__Required work__.
The response must be made up of the lines in the entries below that contain "width".

----------

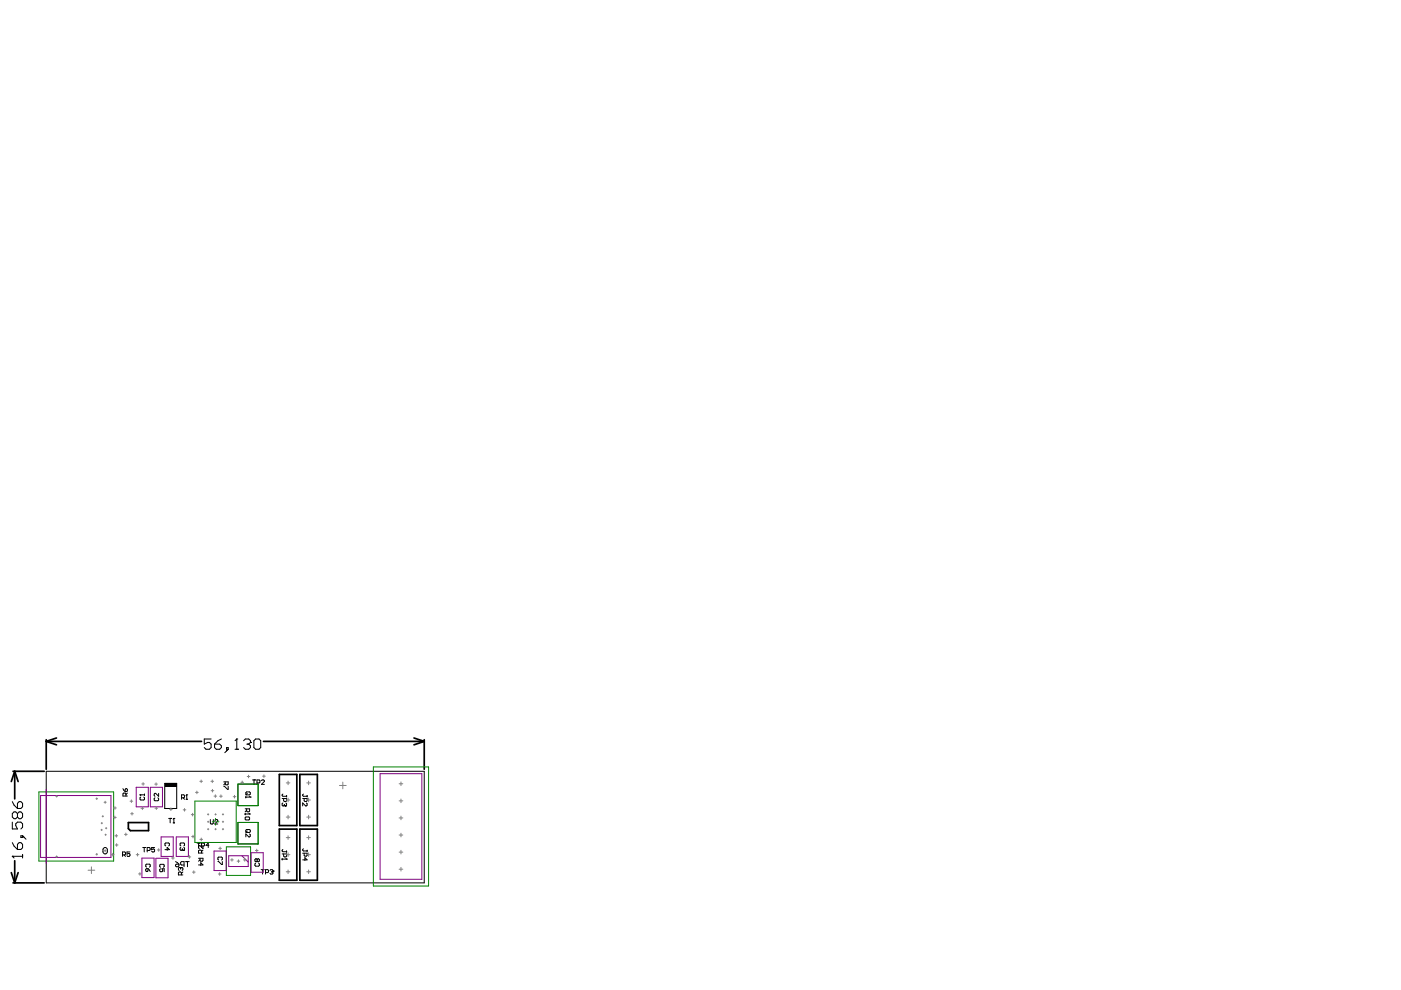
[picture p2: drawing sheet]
<svg xmlns="http://www.w3.org/2000/svg" width="297mm" height="210mm" viewBox="0 0 297 210" stroke-linecap="round" stroke-linejoin="round" font-family="sans-serif">
<g fill="none" stroke="#000" stroke-width=".21">
<path d="M9.8 163.5h80.1v23.7h-80.1zM21.9 179.9a.46 .46 0 0 1 .5-.2 .46 .46 0 0 1 .4 .5v.4a.46 .46 0 0 1-.5 .4 .46 .46 0 0 1-.5-.4zM26.1 167.2l.4 .6M26.5 167.4l.4-.2 .1 .5-.5 .1zM26.7 168.8v-.5l-.2-.1-.4 .1v.5h.9M27 168.2l-.3 .3M29.7 168.5h.1M29.7 168.5h.9M29.7 168.5l.1 .2M29.8 169l-.1 .2 .1 .4h.7l.1-.1-.1-.5M30.3 179.7h.6M30.6 179.7v.9"/>
<path d="M30.6 168.4v.3M32.8 179.7h-.7v.5l.4-.2 .3 .2-.2 .4-.5-.1M32.8 169.2l-.1 .1 .1 .5h.7l.1-.2-.1-.4M33.6 168.2v.6l-.8-.6-.1 .2 .1 .4M35.1 179.4l-.1-.2 .1-.5h.7l.1 .2-.1 .5M35.8 173.5h.6M36.1 173.5v1M36.7 174.5h.3M36.9 173.5h.1M36.9 173.5v1M36.9 173.5l-.2 .2M38.3 179.7l-.1 .4 .1 .2 .4-.2"/>
<path d="M38.3 179.4l-.1-.2 .1-.5h.7l.1 .2-.1 .5M38.5 169.2h.5l.1-.5-.1-.2h-.5v1M38.7 180v.1M38.8 169.2l.3 .3M39 179.7l.1 .4-.3 .2M39.4 169.5h.4M39.6 168.5h.1M39.6 168.5l-.2 .2M39.6 168.5v1M41.8 178.8h.6M42.1 178.8v1l.1 .1M42.7 179.4h.5l.2-.5-.2-.1h-.5v.9"/>
<path d="M43 179.3v.6l-.6-.6-.3 .2M44.3 179.2h-.6l.4-.4v.9M44.6 173.8v.7l.2 .2 .4-.2v-.7M45.5 173.9l.2-.1 .5 .1-.7 .8h.7M47.4 165.8h1v.4l-.5 .2-.1-.2v-.4M47.4 166.7l.8 .6h.2v-.6M47.8 166.1l-.4 .3M50.5 166.2h4.2v4.6h-4.2zM50.5 174.4h4.2v4.5h-4.2zM52 171.5h.9v.5l-.4 .1-.2-.1v-.5M52 172.4v.3M52 172.6h.9"/>
<path d="M52.1 168.1l.2-.2h.6l.2 .5-.2 .1h-.6zM52.1 176l.2-.1h.6l.2 .4-.2 .2h-.6zM52.1 168.8v.4M52.1 169h1M52.1 173.2h.7l.1 .5-.1 .1h-.7l-.1-.1zM52.3 171.8l-.3 .3M52.4 168.2l-.3 .3M52.4 176.2l-.3 .3M52.8 172.4l.1 .2M52.9 176.8l.2 .2-.2 .4-.8-.6v.6M52.9 168.8l.2 .2M52.9 172.6h.1"/>
<path d="M53.1 169h.1M53.5 165.4h.7M53.9 165.4v.9M54.5 166h.5l.1-.2-.1-.4h-.5v.9M55.4 165.5l.2-.1 .5 .1-.7 .8h.7M59.8 169.3h1v.5l-.5 .1-.2-.1v-.5M60 168.4l-.2 .1 .2 .3h.8M60 170.2l-.2 .5 .2 .2 .3-.2M60.3 170.7l.1 .2M60.3 170.6v.1M60.4 170.9h.1M60.6 170.2l.2 .5-.4 .2"/>
<path d="M60.8 168.7v.3M64.2 169.3h.9v.5l-.5 .1-.1-.1v-.5M64.3 180l-.1 .1 .1 .3h.8M64.3 168.4l-.1 .1 .1 .3h.8M65 170.2l.1 .2-.1 .5-.8-.7v.7M65.1 168.7v.3M26 181.3h.5l.1-.5-.1-.2h-.5v1M26.3 181.3l.3 .3M27.6 180.6h-.7v.5l.3-.2 .4 .2-.2 .5-.5-.2M30.9 184.3l.5-.1v.4l-.2 .2-.3-.2zM31.1 183.8l-.2-.1 .2-.5h.6l.1 .2-.1 .4M31.2 180.3h.5l.1-.5-.1-.1h-.5v.9"/>
<path d="M31.4 184.2l.4 .6M34 183.9l-.1-.2 .1-.4h.7l.1 .1-.1 .5M34 184.2l-.1 .2 .1 .4 .5-.1-.2-.5h.5v.6M35 180.1h.9l-.5-.4v.6M37.2 182.7l.7 .5M37.2 183.4l.2-.2h.5v.4l-.1 .2h-.4zM38.1 183.9h.1M38.1 183.9l-.3 .2 .2 .5M38.1 183.9l.2 .2M38.3 184.1v.1M38.3 184.1l.2-.2 .3 .2-.2 .5M38.5 185.5v-.5l-.2-.1-.5 .1v.5h1"/>
<path d="M38.7 180.1l.1 .2M38.8 184.9l-.3 .3M38.8 180.3h.1M39 183.4h-.5l-.2-.2v-.3l.2-.2h.5v1.1M39.4 182.7h.7M39.7 182.7v1.1M42.1 183.4h.9l-.4-.5v.6M42.1 182h.9v.4l-.4 .2-.2-.2v-.4M42.4 182.3l-.3 .3M42.7 180.9v-.5l-.1-.2-.5 .2v.5h.9M43 180.2l-.3 .4M46.2 182.7l.8 .6h.1v-.6"/>
<path d="M46.4 182.4l-.2-.2 .2-.5h.6l.1 .2-.1 .5M54.2 183l-.2 .2 .2 .5h.6l.2-.2-.2-.5M54.5 182.2l-.1-.1-.4 .1 .2 .5 .3-.1M54.5 182.2l.2-.1 .3 .1-.2 .5-.3-.1M54.5 182.2v.4M55.4 184.4h.6M55.7 184.4v.9M56.3 185h.5l.1-.1-.1-.5h-.5v.9M57.2 184.5l.5-.1 .2 .3M57.6 184.9h.1M57.7 184.9l.2 .1-.2 .3-.5-.1M57.9 184.7h.1"/>
<path d="M57.9 184.7l-.2 .2M59.8 181.1h1v.4l-.5 .2-.2-.2v-.4M59.8 182v.3M59.8 182.2h1M60 180.1l-.2 .2 .2 .3h.8M60.6 182l.2 .2M60.8 182.2h.1M60.8 180.4v.3M64.2 180.9h.9v.5l-.5 .1-.1-.1v-.5M64.2 182.3h.9l-.5-.5v.7M65.1 180.3v.3"/>
</g>
<g fill="none" stroke="#000" stroke-width=".36">
<path d="M9.8 157.2l2.2 .7M9.8 157.2h32.9M9.8 156.8v6.3M12 156.5l-2.2 .7M55.9 157.2h34M87.8 156.5l2.1 .7M89.9 157.2l-2.1 .7M89.9 156.8v6.3M2.8 163.5h6.6M3.1 163.5l.7 2.2M3.1 163.5l-.7 2.2M3.1 163.5v5.9"/>
<path d="M27.2 174.4h4.3v1.7h-3.9l-.4-.4zM59.2 175.8h3.7v10.8h-3.7zM59.2 164.2h3.7v10.8h-3.7zM63.6 175.8h3.7v10.8h-3.7zM63.6 164.2h3.7v10.8h-3.7zM2.4 185l.7 2.2M2.8 187.2h6.6M3.1 182.5v4.7M3.8 185l-.7 2.2"/>
</g>
<g fill="none" stroke="#000" stroke-width=".22">
<path d="M44.8 156.7h-1.5v1.1l.7-.4h.4l.4 .4v.7l-.4 .4h-.7l-.4-.4M45.5 157.8h1.1l.3 .3v.4l-.3 .4h-.8l-.3-.4zM46.9 156.7l-.7 .3-.7 .8M48 158.5h.4v.4h-.4zM48.4 158.9l-.7 .7M49.8 158.9h.8M50.2 156.7h.1M50.2 156.7v2.2M50.2 156.7l-.4 .3M51.7 157l.3-.3h.7l.4 .3v.4M52.4 157.8h.3M52.7 157.8l.4 .3v.4l-.4 .4h-.7l-.3-.4"/>
<path d="M53.1 157.4h.1M53.1 157.4l-.4 .4M53.8 157l.4-.3h.7l.4 .3v1.5l-.4 .4h-.7l-.4-.4zM2.6 174.3v1.5h1.1l-.4-.8v-.3l.4-.4h.7l.4 .4v.7l-.4 .4M2.6 178.7l.4 .7 .7 .7M2.6 170l.4 .7 .7 .7M3.7 172.5l.4-.4h.3l.4 .4v.7l-.4 .4h-.3l-.4-.4M3.7 172.5v.7M3.7 172.5l-.4-.4h-.3l-.4 .4v.7l.4 .4h.3l.4-.4M4.1 170h.3l.4 .3v.8l-.4 .3h-.7v-1.1zM4.1 178.7h.3l.4 .3v.7l-.4 .4h-.7v-1.1zM4.4 177.2h.4v.4h-.4z"/>
<path d="M4.8 177.2l.7 .7M34.9 166.1h2.6v5.3h-2.6zM2.6 181.6h.1M2.6 181.6h2.2M2.6 181.6l.4 .3M4.8 181.2v.7"/>
</g>
<path d="M34.9 166.1h2.6v.6h-2.6z" fill-rule="evenodd" fill="#000"/>
<path d="M8.2 167.9h15.9v14.7h-15.9zM41.3 169.8h8.8v8.8h-8.8zM45 174.2h1.4M45.7 173.5v1.4M48 179.5h5.1v6.1h-5.1zM50.5 166.2h4.2v4.6h-4.2zM50.5 174.4h4.2v4.5h-4.2zM79.2 162.6h11.7v25.3h-11.7z" fill="none" stroke="#008000" stroke-width=".21"/>
<g fill="none" stroke="#800080" stroke-width=".21">
<path d="M8.6 168.7h14.9v13.1h-14.9zM9.8 167.4v15.7M28.9 166.9h2.5v4.2h-2.5zM31.9 166.9h2.5v4.2h-2.5zM34.2 177.4h2.5v4.2h-2.5zM37.4 177.4h2.5v4.2h-2.5zM80.6 164h8.8v22.4h-8.8zM30.1 181.9h2.6v4.2h-2.6zM33.1 182h2.5v4.1h-2.5zM45.4 180.4h2.6v4.2h-2.6zM48.5 181.4h4.1v2.3h-4.1zM51.3 181.4l1.3 1.4"/>
<path d="M53.2 180.8h2.6v4.1h-2.6z"/>
</g>
<g fill="none" stroke="#808080" stroke-width=".21">
<path d="M11.8 168.8h.4M12 168.7v.3M20.3 169.3h.4M20.5 169.2v.3M21.4 176h.3M21.4 174.5h.3M21.5 175.8v.3M21.6 174.4v.3M21.7 173.1h.2M21.8 172.9v.3M22.1 170.1h.4M22.2 177h.3"/>
<path d="M22.3 169.9v.4M22.4 175.6h.3M22.4 176.8v.3M22.5 175.5v.2M24.1 173.3h.5M24.1 171.3h.6M24.4 173v.6M24.4 177.2h.5M24.4 171v.6M24.5 179.2h.5M24.7 176.9v.6M24.7 178.9v.5"/>
<path d="M26.4 176.9h.6M26.7 176.6v.6M27.6 169.9h.5M27.7 172.5h.6M27.9 169.6v.6M28 172.2v.6M29.9 171.4h.6M30.1 166.2h.5M30.2 171.1v.6M30.3 165.9v.6M32.8 166.2h.6M32.9 171.4h.5"/>
<path d="M33.1 166v.5M33.1 171.1v.5M33.6 179.9v.6M35.9 171.6h.6M36.2 171.3v.6M38.8 171.7h.6M39.1 171.4v.6M40.6 172.7h.5M40.6 177.4h.6M40.8 172.4v.6M40.9 177.1v.6M41.5 168h.5"/>
<path d="M41.7 167.7v.6M42.4 165.7h.5M42.4 178h.6M42.6 165.4v.5M42.7 177.7v.6M44 172.7h.3M44 174.2h.3M44 175.8h.3M44.1 172.5v.3M44.1 174.1v.3M44.1 175.7v.2M44.7 165.7h.6"/>
<path d="M44.8 167.6h.5M45 165.4v.5M45 167.4v.5M45.4 168.8h.5M45.6 172.7h.2M45.6 174.2h.2M45.6 175.8h.2M45.7 168.5v.6M45.7 172.5v.3M45.7 174.1v.3M45.7 175.7v.2M46.4 179.9h.6"/>
<path d="M46.6 168.8h.5M46.7 179.6v.6M46.8 168.5v.6M47.1 172.7h.3M47.1 174.2h.3M47.1 175.8h.3M47.3 172.5v.3M47.3 174.1v.3M47.3 175.7v.2M49.4 168.9h.6M49.7 168.6v.6M51.1 165.9h.5"/>
<path d="M51.4 165.6v.6M52.4 164.6h.6M52.7 164.4v.5M55.7 164.6h.5M56 164.3v.6M60.7 177.6h.8M60.7 173.2h.8M60.7 169.6h.8M60.7 166h.8M61.1 165.6v.8M61.1 169.2v.8M61.1 172.9v.7"/>
<path d="M61.1 177.2v.8M65 177.6h.8M65 173.2h.8M65 169.6h.8M65 166h.8M65.4 165.6v.8M65.4 169.2v.8M65.4 172.9v.7M65.4 177.2v.8M72 166.5h1.4M72.7 165.8v1.5M84.6 177h.8"/>
<path d="M84.6 173.4h.8M84.6 169.8h.8M84.6 166.2h.8M85 165.8v.8M85 169.4v.8M85 173v.8M85 176.7v.7M11.8 181.6h.4M12 181.5v.3M18.7 184.5h1.4M19.4 183.8v1.4M20.3 181.1h.4"/>
<path d="M20.5 180.9v.4M22.1 180.4h.4M22.3 180.1v.5M23.6 181.2h.6M23.9 180.9v.6M28.9 181.2h.5M29.2 180.9v.6M29.4 185.3h.5M29.7 185v.6M33.4 180.2h.5M36.4 181.9h.5M36.7 181.6v.6"/>
<path d="M39.9 181.7h.5M40.2 181.4v.6M40.8 184.9h.6M41.1 184.6v.6M46.3 185.3h.6M46.6 185v.6M48.9 182.3h.6M49.2 182v.6M50.3 182.6h.5M50.6 182.3v.6M51.6 182.3h.6M51.9 182v.6"/>
<path d="M54.2 180.3h.5M54.4 180v.6M60.7 181.2h.8M60.7 184.8h.8M61.1 180.8v.8M61.1 184.4v.8M65 181.2h.8M65 184.8h.8M65.4 180.8v.8M65.4 184.4v.8M84.6 184.3h.8M84.6 180.7h.8"/>
<path d="M85 180.3v.8M85 183.9v.8"/>
</g>
</svg>

----------

__Result of this task__.
<svg xmlns="http://www.w3.org/2000/svg" width="297mm" height="210mm" viewBox="0 0 297 210" stroke-linecap="round" stroke-linejoin="round" font-family="sans-serif">
<g fill="none" stroke="#000" stroke-width=".21">
<g fill="none" stroke="#000" stroke-width=".36">
<g fill="none" stroke="#000" stroke-width=".22">
<path d="M8.2 167.9h15.9v14.7h-15.9zM41.3 169.8h8.8v8.8h-8.8zM45 174.2h1.4M45.7 173.5v1.4M48 179.5h5.1v6.1h-5.1zM50.5 166.2h4.2v4.6h-4.2zM50.5 174.4h4.2v4.5h-4.2zM79.2 162.6h11.7v25.3h-11.7z" fill="none" stroke="#008000" stroke-width=".21"/>
<g fill="none" stroke="#800080" stroke-width=".21">
<g fill="none" stroke="#808080" stroke-width=".21">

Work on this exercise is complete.